金原ひとみの「デクリネゾン」(集英社:2022年8月30日第1刷発行)を読みました。
金原ひとみ、3月までで朝日新聞の書評委員をおやめになりました。僕は金原ひとみの書評を参考に、本を購入していた経緯があり、残念です。
さて、「デクリネゾン」、
半年前に約半分を読んで、その後あとの半分を最近読みました。
要約するのは難しい作品です。書きあぐねていた、というわけです。
あちこち探したのですが、適当な書評が見つかりません。
結局、「BOOKウォッチ」というところで探し当てました。
恋愛も家庭も仕事も、全部欲しい。金原ひとみが贈る、女の欲望と苦悩のフルコース
「デクリネゾン」とは、フランス料理で「さまざまな調理方法でひとつの食材を生かすこと」だ。たとえば「豚のデクリネゾン」なら、豚のさまざまな部位を使って、異なる食感や味を作り出す。

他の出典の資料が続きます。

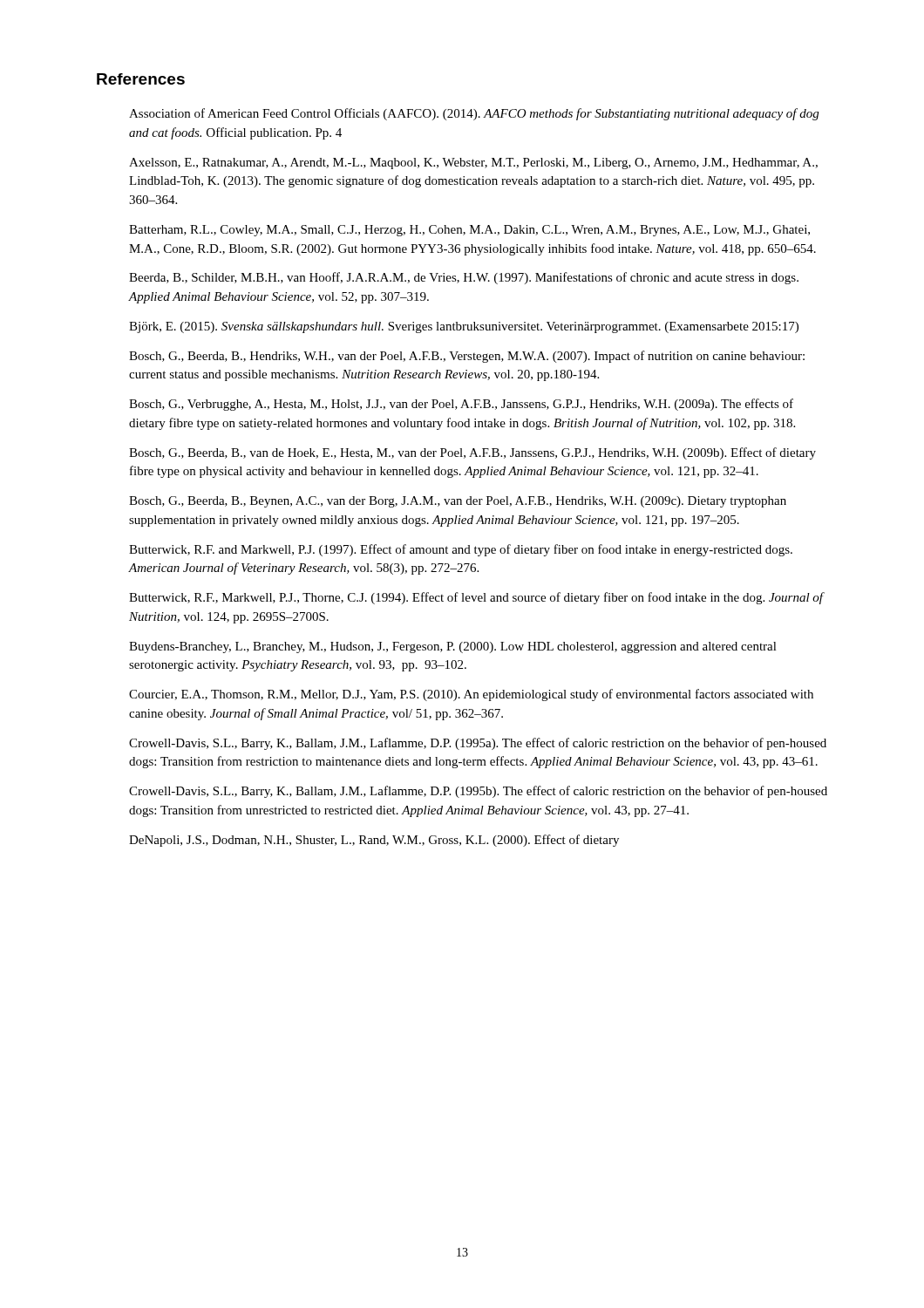Click on the list item that reads "Buydens-Branchey, L., Branchey, M., Hudson, J., Fergeson, P."
Screen dimensions: 1308x924
point(462,656)

金原ひとみさんの最新長編『デクリネゾン』(ホーム社)の表紙には、まさにさまざまな部位に切り分けられた豚の生肉や、内臓を使ったソーセージの写真が使われている。これからデクリネゾンに仕上げられるのだろう。何やらものものしい調理器具もあり、思わずドキッとする見た目だが......作品の中身は血生臭くないのでご安心を。
本作が描くのは、恋愛・家庭・仕事の間で揺れ動く一人の女性だ。アラフォーシングルマザーの小説家・志絵は、中学生の娘の理子と二人で暮らしている。志絵はこれまで、理子の父である最初の夫・吾郎と、二番目の夫・直人との離婚を経験し、今は21歳の大学生・蒼葉と付き合っている。

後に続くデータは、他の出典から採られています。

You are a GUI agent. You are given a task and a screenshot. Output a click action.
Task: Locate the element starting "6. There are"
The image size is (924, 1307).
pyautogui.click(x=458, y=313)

年の差のある恋愛が鮮烈に映るが、母としての娘への思いや、家族のあり方も深く描かれる。さらに、小説家の仕事や出版業界のあれこれがリアルに描かれるのも見どころだ。志絵という一人の女性を通して、恋愛小説・家族小説・お仕事小説の各要素が全てたっぷりと楽しめる。
金原ひとみ:
1983年東京生まれ。2003年『蛇にピアス』で第27回すばる文学賞を受賞。04年、同作で第130回芥川賞を受賞。ベストセラーとなり、各国で翻訳出版される。10年『TRIP TRAP』で第27回織田作之助賞を受賞。12年『マザーズ』で第22回Bunkamuraドゥマゴ文学賞を受賞。20年『アタラクシア』で第5回渡辺淳一文学賞を受賞。21年『アンソーシャル ディスタンス』で第57回谷崎潤一郎賞を受賞。他『パリの砂漠、東京の蜃気楼』、『ミーツ・ザ・ワールド』等がある。